** Opening DATA block **

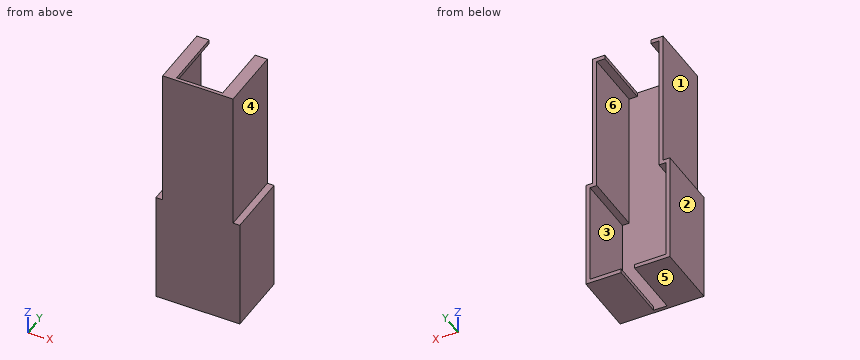
from build123d import *

# Parameters (mm, degrees)
SKETCH1_W           = 52
SKETCH1_H           = 103
SKETCH1_W_2         = 62
SKETCH1_H_2         = 82
BOSS_EXTRUDE1_DEPTH = 2.5
SKETCH2_W           = 3
SKETCH2_H           = 100
SKETCH2_H_2         = 76
SKETCH2_W_2         = 2
SKETCH2_H_3         = 3
SKETCH2_W_3         = 56
SKETCH2_W_4         = 46
BOSS_EXTRUDE2_DEPTH = 45
SKETCH4_W           = 10
SKETCH4_H           = 3
SKETCH4_W_2         = 34
CUT_EXTRUDE1_DEPTH  = 45


with BuildPart() as part:
    # Sketch1 → Boss-Extrude1 (new body)
    with BuildSketch(Plane(origin=(0, 0, 0), x_dir=(1, 0, 0), z_dir=(0, 1, 0))):
        with Locations((0.405405405, -109.013513514)):
            Rectangle(SKETCH1_W, SKETCH1_H)
        with Locations((0.405405405, -16.513513514)):
            Rectangle(SKETCH1_W_2, SKETCH1_H_2)
    extrude(amount=BOSS_EXTRUDE1_DEPTH)

    # Sketch2 → Boss-Extrude2 (add)
    with BuildSketch(Plane(origin=(0, 2.5, 0), x_dir=(1, 0, 0), z_dir=(0, 1, 0))):
        with Locations((-24.094594595, -107.513513514)):
            Rectangle(SKETCH2_W, SKETCH2_H)
        with Locations((24.905405405, -107.513513514)):
            Rectangle(SKETCH2_W, SKETCH2_H)
        with Locations((29.905405405, -16.513513514)):
            Rectangle(SKETCH2_W, SKETCH2_H_2)
        with Locations((-29.094594595, -16.513513514)):
            Rectangle(SKETCH2_W, SKETCH2_H_2)
        with Locations((-26.594594595, -56.013513514)):
            Rectangle(SKETCH2_W_2, SKETCH2_H_3)
        with Locations((-24.094594595, -56.013513514)):
            Rectangle(SKETCH2_W, SKETCH2_H_3)
        with Locations((-29.094594595, -56.013513514)):
            Rectangle(SKETCH2_W, SKETCH2_H_3)
        with Locations((29.905405405, -56.013513514)):
            Rectangle(SKETCH2_W, SKETCH2_H_3)
        with Locations((27.405405405, -56.013513514)):
            Rectangle(SKETCH2_W_2, SKETCH2_H_3)
        with Locations((24.905405405, -56.013513514)):
            Rectangle(SKETCH2_W, SKETCH2_H_3)
        with Locations((-29.094594595, 22.986486486)):
            Rectangle(SKETCH2_W, SKETCH2_H_3)
        with Locations((29.905405405, 22.986486486)):
            Rectangle(SKETCH2_W, SKETCH2_H_3)
        with Locations((0.405405405, 22.986486486)):
            Rectangle(SKETCH2_W_3, SKETCH2_H_3)
        with Locations((-24.094594595, -159.013513514)):
            Rectangle(SKETCH2_W, SKETCH2_H_3)
        with Locations((0.405405405, -159.013513514)):
            Rectangle(SKETCH2_W_4, SKETCH2_H_3)
        with Locations((24.905405405, -159.013513514)):
            Rectangle(SKETCH2_W, SKETCH2_H_3)
    extrude(amount=BOSS_EXTRUDE2_DEPTH)

    # Sketch4 → Cut-Extrude1 (cut)
    with BuildSketch(Plane(origin=(0, 47.5, 0), x_dir=(1, 0, 0), z_dir=(0, 1, 0))):
        with Locations((0.405405405, 22.986486486)):
            Rectangle(SKETCH4_W, SKETCH4_H)
        with Locations((0.405405405, -159.013513514)):
            Rectangle(SKETCH4_W_2, SKETCH4_H)
    extrude(amount=-CUT_EXTRUDE1_DEPTH, mode=Mode.SUBTRACT)


solid = part.part
Part model, mm, in its own coordinate system. Face numbers are marked on the shaded views. A direction names the side the tool comes from. Coordinates: 2 decimals unless noted, no trailing zeros. Write each loop counter-clockwise with the first axis right and the second up, starting at its lowest first coordinate (ties: lowest second). Pieces come first, ordered by that corner, then holes. Notation, with made-up numbers: (73.5, 28.5) - (82.5, 28.5) arc R15 ccw to (82.5, 51.5) - close; hole circle Ø8 at (-20, -21). An arc over 180 degrees is marked (long way). Put each result on its own line as item: value.
1. Band-saw the part on A-A (y = 21). Write the cut outline in (x, z).
Final values:
outline: (-30.59, -24.49) - (-4.59, -24.49) - (-4.59, -21.49) - (-27.59, -21.49) - (-27.59, 54.51) - (-22.59, 54.51) - (-22.59, 157.51) - (-16.59, 157.51) - (-16.59, 160.51) - (-25.59, 160.51) - (-25.59, 57.51) - (-30.59, 57.51) - close; (5.41, -24.49) - (31.41, -24.49) - (31.41, 57.51) - (26.41, 57.51) - (26.41, 160.51) - (17.41, 160.51) - (17.41, 157.51) - (23.41, 157.51) - (23.41, 54.51) - (28.41, 54.51) - (28.41, -21.49) - (5.41, -21.49) - close
2. Band-saw the part on B-B (z = 23). Write the cut outline in (x, y).
Final values:
outline: (-30.59, 0) - (31.41, 0) - (31.41, 47.5) - (28.41, 47.5) - (28.41, 2.5) - (-27.59, 2.5) - (-27.59, 47.5) - (-30.59, 47.5) - close
3. Band-saw the part on C-C (x = -9). Write the cut outline in (y, z).
Final values:
outline: (0, -24.49) - (47.5, -24.49) - (47.5, -21.49) - (2.5, -21.49) - (2.5, 160.51) - (0, 160.51) - close
4. Band-saw the part on D-D (z = 129). Write the cut outline in (x, y).
Final values:
outline: (-25.59, 0) - (26.41, 0) - (26.41, 47.5) - (23.41, 47.5) - (23.41, 2.5) - (-22.59, 2.5) - (-22.59, 47.5) - (-25.59, 47.5) - close
5. 3-axis set-ups, long thin cutter, end or side, ignore diameter. For the marked faces 1, 2 and 3: which of +Z, -Z, +X, -X, +Y, -Y reach the whole face in a straight line?
Final values:
face 1: +Z, -X, +Y, -Y
face 2: +Z, -Z, -X, +Y, -Y
face 3: +Y
6. Probe line 1 along X through (y, z) = (24.5, 15.5); line 2 along Z through (x, y) = (-21, 38); line 3 along X through (y, z) = (15.5, 78.5). List the from-to ranges inside material, lowest first. Write a range as [from, to].
Final values:
line 1: x = [-30.59, -27.59], [28.41, 31.41]
line 2: z = [-24.49, -21.49], [157.51, 160.51]
line 3: x = [-25.59, -22.59], [23.41, 26.41]
7. Flat gauge pins, fed straight in: pin 1 Ø3.5 at (y, z) = (18, 158.5) entering from -X; pin 2 Ø13.5 at (y, z) = (35, 92) entering from +X; pin 3 Ø18.5 at (x, y) = (-16, 19.5) entering from +Z; pin 4 Ø2.5 at (x, y) = (-29, 16.5) entering from +Z. Where does each tip first touch, or does it go through?
Final values:
pin 1: stops at x = -25.59
pin 2: stops at x = 26.41
pin 3: stops at z = 160.51
pin 4: stops at z = 57.51
8. Two-plate mould, pull along Z, no slides. Class the marked faces 4, 5 and 6: +Z half, -Z half, draft (parallel to the pull), parting line (faces both ways), or undercut.
Final values:
face 4: draft
face 5: -Z half
face 6: undercut
Build history of the part. All positions in model axes, mm. A direction names the side the tool comes from. Coordinates: 2 decimals unless noted, no trailing zeros. Loops run counter-clockwise (first coordinate to the right, second up) from the corner with the lowest first, then second, coordinate; pieces in that order, holes last. Notation, with made-up numbers: (42, 3.25) - (96, 3.25) arc R32 cw to (96, 36.25) - close; hole circle Ø3 at (1, 7). An arc over 180 degrees is marked (long way). One line per item, written item: value.
Autodesk Inventor part; units mm, degrees
ref_plane "YZ Plane" through (0, 0, 0) normal (1, 0, 0) x (0, 1, 0)
ref_plane "XZ Plane" through (0, 0, 0) normal (0, 1, 0) x (-1, 0, 0)
ref_plane "XY Plane" through (0, 0, 0) normal (0, 0, 1) x (1, 0, 0)
sketch "Szkic1" plane through (0, 0, 0) normal (0, 0, 1) x (1, 0, 0)
  line L0 (0, 0) -> (77, 0)
  line L1 (77, 0) -> (77, 50)
  line L2 (77, 50) -> (0, 50)
  line L3 (0, 50) -> (0, 0)
  dimension "d0" = 77
  dimension "d1" = 50
extrude "Wyciągnięcie proste1" add sketch "Szkic1" along normal blind 10
sketch "Szkic2" plane through (0, 0, 0) normal (0, -1, 0) x (1, 0, 0)
  line L0 (77, 0) -> (0, 0)
  line L1 (0, 0) -> (77, 0)
  line L2 (77, 0) -> (0, 0)
  line L3 (0, 0) -> (0, -10)
  line L4 (0, -10) -> (73.2222, -10)
  line L5 (77, 0) -> (0, 0)
  line L6 (73.2222, -10) -> (77, 0)
  dimension "d6" = 10
extrude "Wyciągnięcie proste2" add sketch "Szkic2" against normal blind 50
sketch "Szkic3" plane through (0, 50, 10) normal (0, 1, 0) x (1, 0, 0)
  line L0 (0, 20) -> (0, 0)
  line L1 (0, 20) -> (0, 38)
  line L2 (77, 10) -> (73.2222, 20)
  line L3 (73.2222, 20) -> (66.4222, 38)
  line L4 (66.4222, 38) -> (0, 38)
  point P0 (0, 10)
  dimension "d9" = 18
sketch "Szkic4" plane through (0, 50, 10) normal (0, 1, 0) x (1, 0, 0)
  line L0 (0, 20) -> (0, 0)
  line L1 (0, 20) -> (0, 38)
  line L2 (73.2222, 20) -> (0, 20)
  line L3 (0, 20) -> (73.2222, 20)
  line L4 (73.2222, 20) -> (65.2222, 38)
  line L5 (65.2222, 38) -> (0, 38)
  point P0 (0, 10)
  dimension "d10" = 18
extrude "Wyciągnięcie proste3" add sketch "Szkic4" against normal blind 15
sketch "Szkic5" plane through (0, 50, 10) normal (0, 1, 0) x (1, 0, 0)
  line L0 (0, 38) -> (65.2222, 38)
  line L1 (0, 38) -> (0, 55)
  line L2 (0, 38) -> (65.2222, 38)
  line L3 (65.2222, 38) -> (73.2222, 20)
  line L4 (57.6666, 55) -> (65.2222, 38)
  line L5 (0, 55) -> (14, 55)
  line L6 (14, 55) -> (14, 45)
  line L7 (14, 45) -> (49, 45)
  line L8 (49, 45) -> (49, 55)
  line L9 (49, 55) -> (57.6666, 55)
  point P0 (0, 10)
  dimension "d13" = 17
  dimension "d14" = 14
  dimension "d15" = 10
  dimension "d16" = 35
extrude "Wyciągnięcie proste4" add sketch "Szkic5" against normal blind 30
Item 1: Pull direction Z, two halves, no side cores. Call faces 1 (the face through (36, 17, -10)), 2 (the face through (32.2, 20, -34.7)), 3 (the face through (38, 25, 10)): released by +Z, released by -Z, zero draft, split by the parting line, or undercut.
Check result:
face 1: undercut
face 2: zero draft
face 3: released by +Z
Item 2: Cut at A-A, the plane x = 52.5. Write the cut outline in (y, z).
Check result:
outline: (0, -10) - (35, -10) - (35, -28) - (20, -28) - (20, -45) - (50, -45) - (50, 10) - (0, 10) - close
Item 3: Tool access for faces 4 (the face through (32, 28, -28)), 5 (the face through (38, 0, 0)), 6 (the face through (31, 35, -35)): list every direction of +Z, -Z, +X, -X, +Y, -Y with a clear straight run to the whole face (end or side of a thin tool).
Check result:
face 4: +X, -X, -Y
face 5: +Z, -Z, +X, -X, -Y
face 6: -Z, +Y, -Y
Item 4: Drop flat-ended pins along their axis: P1, Ø8, axis at x = 36.5, y = 7, coming from the -Z side; P2, Ø8, axis at x = 62.5, y = 41.5, coming from the -Z side; P3, Ø5, axis at y = 33, z = -40, coming from the +X side; P4, Ø1, axis at y = 39.5, z = -29.5, coming from the -X side. Give the stop position or say it passes through.
Check result:
P1: stops at z = -10
P2: stops at z = -43.12
P3: stops at x = 61
P4: stops at x = 0
Item 5: Cut at C-C, the plane x = 34. Write the cut outline in (y, z), then the cut area to 3 significant figures.
Check result:
outline: (0, -10) - (35, -10) - (35, -28) - (20, -28) - (20, -35) - (50, -35) - (50, 10) - (0, 10) - close
area: 1,480 mm^2
Item 6: Cut at B-B, the plane y = 16. Write the cut outline in (x, z), then the cut area to 3 significant figures.
Check result:
outline: (0, -10) - (73.22, -10) - (77, 0) - (77, 10) - (0, 10) - close
area: 1,520 mm^2
Item 7: Cut at D-D, the plane z = -27. Write the cut outline in (x, y), then the cut area to 3 significant figures.
Check result:
outline: (0, 35) - (65.67, 35) - (65.67, 50) - (0, 50) - close
area: 985 mm^2
Item 8: Probe probe 1 along Z at (x, y) = (17, 29.5); probe 2 along Z at (x, y) = (53.5, 34); probe 3 along Z at (x, y) = (6, 7.5). List the from-to ranges inside material, lowest first. Write a range as from..to.
Check result:
probe 1: z = -35..-28, -10..10
probe 2: z = -45..-28, -10..10
probe 3: z = -10..10
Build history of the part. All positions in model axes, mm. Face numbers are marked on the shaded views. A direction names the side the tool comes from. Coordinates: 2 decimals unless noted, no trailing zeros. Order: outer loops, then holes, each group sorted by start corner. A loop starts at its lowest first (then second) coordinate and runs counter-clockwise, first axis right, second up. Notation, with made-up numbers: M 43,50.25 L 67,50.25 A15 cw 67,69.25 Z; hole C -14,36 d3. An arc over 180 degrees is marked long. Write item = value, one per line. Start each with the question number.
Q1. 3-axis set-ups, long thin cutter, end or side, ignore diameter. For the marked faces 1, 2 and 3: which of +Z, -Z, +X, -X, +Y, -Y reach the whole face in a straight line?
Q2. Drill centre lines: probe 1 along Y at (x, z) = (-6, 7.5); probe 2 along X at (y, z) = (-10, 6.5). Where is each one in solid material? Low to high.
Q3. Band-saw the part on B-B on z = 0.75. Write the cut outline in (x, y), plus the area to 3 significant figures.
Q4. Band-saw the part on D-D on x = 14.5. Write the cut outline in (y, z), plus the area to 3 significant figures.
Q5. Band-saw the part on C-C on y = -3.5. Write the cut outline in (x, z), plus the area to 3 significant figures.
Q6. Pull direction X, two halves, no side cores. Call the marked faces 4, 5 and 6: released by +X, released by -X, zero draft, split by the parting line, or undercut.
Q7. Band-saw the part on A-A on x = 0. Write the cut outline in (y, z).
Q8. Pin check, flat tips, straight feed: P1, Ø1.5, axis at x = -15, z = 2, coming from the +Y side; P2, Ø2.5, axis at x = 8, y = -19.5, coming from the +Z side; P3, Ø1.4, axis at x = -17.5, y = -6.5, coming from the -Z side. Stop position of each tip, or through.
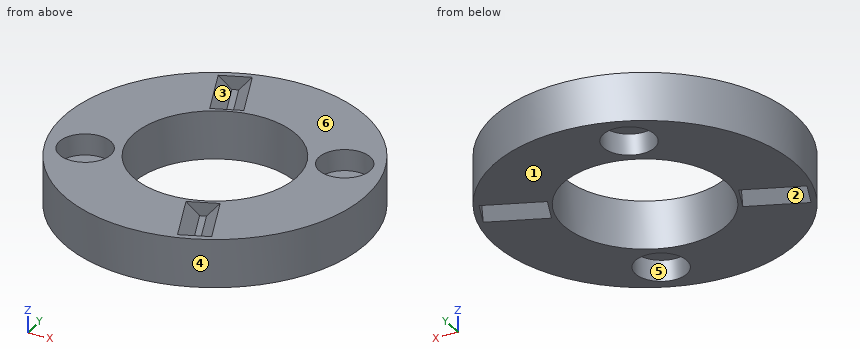
```python
from build123d import *

# Parameters (mm, degrees)
ESQUISSE1_R              = 25
ESQUISSE1_R_2            = 11
BOSS_EXTRU_1_DEPTH       = 8
ENL_V_START              = -14
ENL_V_MAT_EXTRU_9_DEPTH  = 10
ESQUISSE10_R             = 4.25
ENL_V_MAT_EXTRU_5_DEPTH  = 3.5
ESQUISSE12_R             = 4.25
ENL_V_MAT_EXTRU_6_DEPTH  = 3.5
ESQUISSE13_R             = 13.5
ENL_V_MAT_EXTRU_7_DEPTH  = 10
ENL_V_MAT_EXTRU_10_DEPTH = 10


with BuildPart() as part:
    # Esquisse1 → Boss.-Extru.1 (new body)
    with BuildSketch(Plane.XY):
        Circle(ESQUISSE1_R)
        Circle(ESQUISSE1_R_2, mode=Mode.SUBTRACT)
    extrude(amount=BOSS_EXTRU_1_DEPTH)

    # Esquisse16 → Enlèv. mat.-Extru.9 (cut)
    with BuildSketch(Plane(origin=(0, 0, 0), x_dir=(-0.9281017411356184, -0.3723266819622707, 0), z_dir=(-0.3723266819622707, 0.9281017411356184, 0)).offset(ENL_V_START)):
        Polygon((-2.5, 8), (2.5, 8), (0.5, 5.763932023), (-0.5, 5.763932023), align=None)
    enl_v_mat_extru_9 = extrude(amount=-ENL_V_MAT_EXTRU_9_DEPTH, mode=Mode.SUBTRACT)

    # Symétrie4: Enlèv. mat.-Extru.9 across plane
    add(enl_v_mat_extru_9.mirror(Plane(origin=(0, 0, 0), x_dir=(0, 0, 1), z_dir=(-0.3723266819622707, 0.9281017411356184, 0))), mode=Mode.SUBTRACT)

    # Esquisse10 → Enlèv. mat.-Extru.5 (cut)
    with BuildSketch(Plane(origin=(0, 0, 0), x_dir=(-1, 0, 0), z_dir=(0, 0, -1))):
        with Locations((7.074206957, 17.633933082)):
            Circle(ESQUISSE10_R)
        with Locations((-7.074206957, -17.633933082)):
            Circle(ESQUISSE10_R)
    extrude(amount=-ENL_V_MAT_EXTRU_5_DEPTH, mode=Mode.SUBTRACT)

    # Esquisse12 → Enlèv. mat.-Extru.6 (cut)
    with BuildSketch(Plane.XY.offset(8)):
        with Locations((17.633933082, 7.074206957)):
            Circle(ESQUISSE12_R)
        with Locations((-17.633933082, -7.074206957)):
            Circle(ESQUISSE12_R)
    extrude(amount=-ENL_V_MAT_EXTRU_6_DEPTH, mode=Mode.SUBTRACT)

    # Esquisse13 → Enlèv. mat.-Extru.7 (cut)
    with BuildSketch(Plane.XY.offset(8)):
        Circle(ESQUISSE13_R)
    extrude(amount=-ENL_V_MAT_EXTRU_7_DEPTH, mode=Mode.SUBTRACT)

    # Esquisse18 → Enlèv. mat.-Extru.10 (cut)
    with BuildSketch(Plane(origin=(0, 0, 8), x_dir=(0, 0, 1), z_dir=(-0.9281017411356183, -0.37232668196227087, 0)).offset(ENL_V_START)):
        Polygon((-8, -2.5), (-8, 2.5), (-5.763932023, 0.5), (-5.763932023, -0.5), align=None)
    enl_v_mat_extru_10 = extrude(amount=-ENL_V_MAT_EXTRU_10_DEPTH, mode=Mode.SUBTRACT)

    # Symétrie5: Enlèv. mat.-Extru.10 across plane
    add(enl_v_mat_extru_10.mirror(Plane(origin=(0, 0, 8), x_dir=(0, 0, 1), z_dir=(-0.9281017411356183, -0.37232668196227087, 0))), mode=Mode.SUBTRACT)


solid = part.part
```
Recorded:
q1.face_1 = -Z, +X, -X, +Y, -Y
q1.face_2 = -Z
q1.face_3 = +Z
q2.probe_1 = -24.27 to -12.09, 12.09 to 12.68, 20.47 to 24.27
q2.probe_2 = -22.91 to -20.72, -14.55 to -9.07, 9.07 to 22.91
q3.outline = C 0,0 d50; hole M -22.96,-7.24 L -21.59,-10.63 L -12.31,-6.91 L -13.67,-3.51 Z; hole C 0,0 d27; hole C -7.07,17.63 d8.5; hole C 7.07,-17.63 d8.5; hole M 12.31,6.91 L 13.67,3.51 L 22.96,7.24 L 21.59,10.63 Z
q3.area = 1,200 mm2
q4.outline = M -20.37,0 L 3.12,0 L 5.28,2.24 L 6.36,2.24 L 8.51,0 L 20.37,0 L 20.37,8 L 9.94,8 L 9.94,4.5 L 4.2,4.5 L 4.2,8 L -20.37,8 Z
q4.area = 299 mm2
q5.outline = M -24.75,0 L -15.44,0 L -13.68,0.73 L -13.68,0 L -13.04,0 L -13.04,8 L -15.33,8 L -15.33,4.5 L -19.93,4.5 L -19.93,8 L -24.75,8 Z; M 13.04,0 L 24.75,0 L 24.75,8 L 13.04,8 Z
q5.area = 171 mm2
q6.face_4 = split by the parting line
q6.face_5 = undercut
q6.face_6 = zero draft
q7.outline = M -25,0 L -13.5,0 L -13.5,8 L -25,8 Z; M 13.5,0 L 25,0 L 25,8 L 13.5,8 Z
q8.P1 = 20.54
q8.P2 = 6.79
q8.P3 = 1.47
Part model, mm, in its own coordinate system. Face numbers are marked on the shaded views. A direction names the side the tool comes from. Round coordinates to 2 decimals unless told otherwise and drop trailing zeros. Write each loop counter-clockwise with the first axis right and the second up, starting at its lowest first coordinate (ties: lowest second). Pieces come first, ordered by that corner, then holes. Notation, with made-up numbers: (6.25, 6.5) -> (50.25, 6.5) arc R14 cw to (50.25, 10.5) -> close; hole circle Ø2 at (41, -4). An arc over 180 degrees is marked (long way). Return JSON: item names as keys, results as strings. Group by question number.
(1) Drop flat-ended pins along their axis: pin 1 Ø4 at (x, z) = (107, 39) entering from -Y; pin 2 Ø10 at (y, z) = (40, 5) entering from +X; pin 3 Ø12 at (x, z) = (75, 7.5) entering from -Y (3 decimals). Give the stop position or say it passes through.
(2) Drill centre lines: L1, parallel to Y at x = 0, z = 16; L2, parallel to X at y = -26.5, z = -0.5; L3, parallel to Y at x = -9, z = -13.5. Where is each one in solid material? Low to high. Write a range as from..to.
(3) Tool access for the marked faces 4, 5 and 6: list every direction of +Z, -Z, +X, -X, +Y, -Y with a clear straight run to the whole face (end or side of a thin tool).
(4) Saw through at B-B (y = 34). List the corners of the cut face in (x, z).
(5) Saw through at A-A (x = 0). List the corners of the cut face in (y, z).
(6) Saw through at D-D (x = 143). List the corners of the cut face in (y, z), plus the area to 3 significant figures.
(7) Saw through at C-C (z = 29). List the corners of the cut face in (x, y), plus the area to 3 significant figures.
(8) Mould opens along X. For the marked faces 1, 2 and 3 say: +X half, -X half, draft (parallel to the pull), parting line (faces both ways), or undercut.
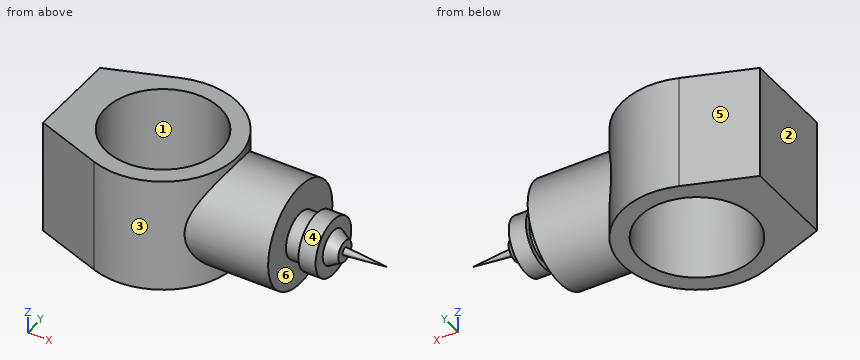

** Closing DATA block **

▸ WHAT YOU WILL DO: Lines from the one containing "(4) Saw through" through the final line of the entries above are to be retyped exactly, with every picture left out.

▸ REPLY:
(4) Saw through at B-B (y = 34). List the corners of the cut face in (x, z).
(5) Saw through at A-A (x = 0). List the corners of the cut face in (y, z).
(6) Saw through at D-D (x = 143). List the corners of the cut face in (y, z), plus the area to 3 significant figures.
(7) Saw through at C-C (z = 29). List the corners of the cut face in (x, y), plus the area to 3 significant figures.
(8) Mould opens along X. For the marked faces 1, 2 and 3 say: +X half, -X half, draft (parallel to the pull), parting line (faces both ways), or undercut.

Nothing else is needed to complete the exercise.